Dienstag, 12. Juni 2007

Das Brumsel-Rohr

"Na endlich! Wo bleibst du denn?" Nelleke tänzelt schon über eine halbe Stunde von einem Bein auf das andere. Mindestens! Julian hat Glück, dass die kleine Bärin noch keine Uhr hat, womöglich hat sie ja noch länger gewartet. Dabei sollte er doch bloß schnell die Kamera holen und zu ihr in den Garten kommen. Und dann ist er stundenlang verschollen. Wo sie ihm doch unbedingt ihre neue Erfindung zeigen muss.

"Das ist mein Brumsel-Rohr! Das habe ich gebaut, damit wir die Brumseln besser hören können. Und damit wir ganz dicht rankommen, tarnt es sich als Riesenbrumsel. So gelb mit schwarzen Ringeln. Das sehen die gar nicht. Und wenn, denken sie bestimmt: Ah, da kommt eine große Schwester." Jetzt kann bei der großen Brumseljagd im Garten nichts mehr schiefgehen. Sie wird die Brumseln finden und Julian muss sie dann nur noch fotografieren.

Die große Gartenexpedition kann beginnen. Nelleke hält sich ihr Brumsel-Rohr ans Puschelohr. Julian muss ganz still sein. Damit Nelleke besser hören kann. Sie dreht sich langsam im Kreis und zielt mit der gelben Pappröhre auf jede Blüte. Sie horcht ganz genau hin. Schon bald hört sie das erste Brummen. Es kann nur von den weißen Blüten am Teich kommen.

Julian nimmt die Kamera hoch und macht sich bereit. Ein sicherer Stand ist ganz wichtig und tief durchatmen - das Insekt kann kommen. Seine kleine Freundin lässt noch einmal das Brumsel-Rohr kreisen. Dieses Brummen ist doch ganz nah. Das Flugvieh muss hier irgendwo sein ...
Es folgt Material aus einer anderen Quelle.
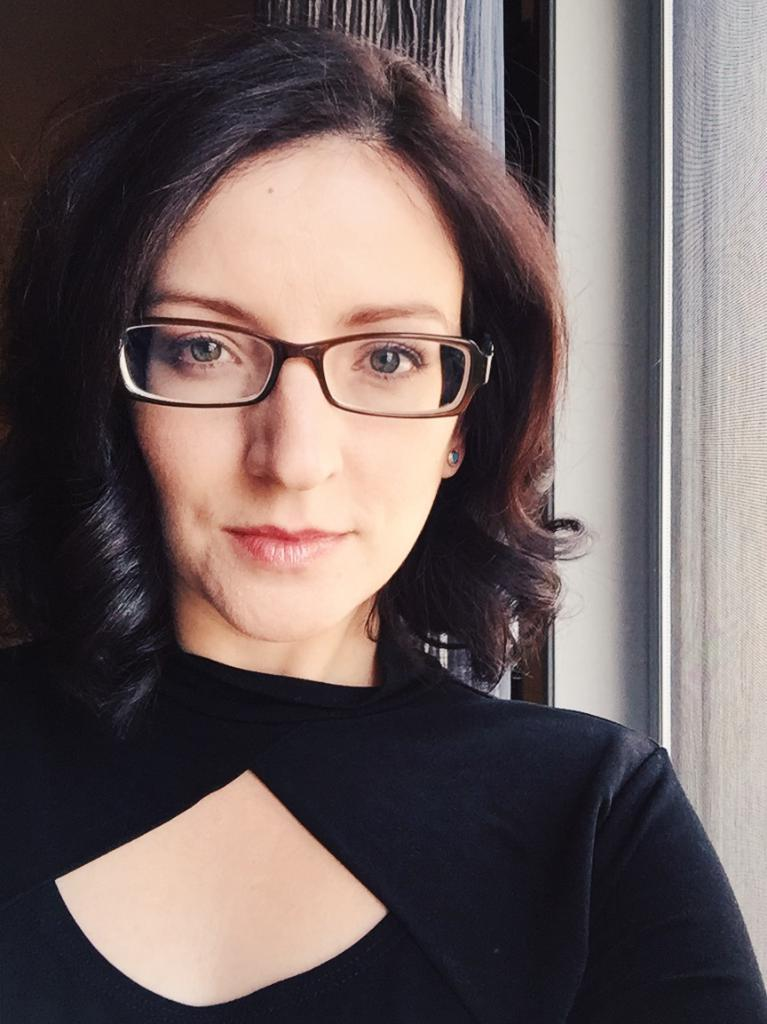Who is present in the image? There is a woman in the image. What is the woman doing in the image? The woman is standing in the image. What is the woman's facial expression in the image? The woman is smiling in the image. What can be seen in the background of the image? There is a curtain and a wall in the background of the image. How many snails are crawling on the woman's shoulder in the image? There are no snails present in the image. What type of cake is being served for the woman's birthday in the image? There is no birthday celebration or cake present in the image.

"Da ist sie! Julian schnell, mach Foto." Nelleke ist ganz aufgeregt "Los doch, Julian, sonst ist sie weg." Und Julian fotografiert. Oder er versucht es zumindestens. Denn mit ruhig durchatmen und genau zielen ist es vorbei, als die Biene durch die Luft zischt. Wie soll er da bloß scharfstellen. Er folgt mit wilden Schwenks dem Zickzack-Flug des gelbschwarzen Brummers und drückt immer wieder auf den Auslöser. Das gibt sicher einen "schnellen Garten" wenn alle Bäume und Blumen verwischt durch das Bild sausen. Aber Nelleke ist richtig begeistert. Und deshalb müssen sie schnell weiter, die nächste Brumsel suchen.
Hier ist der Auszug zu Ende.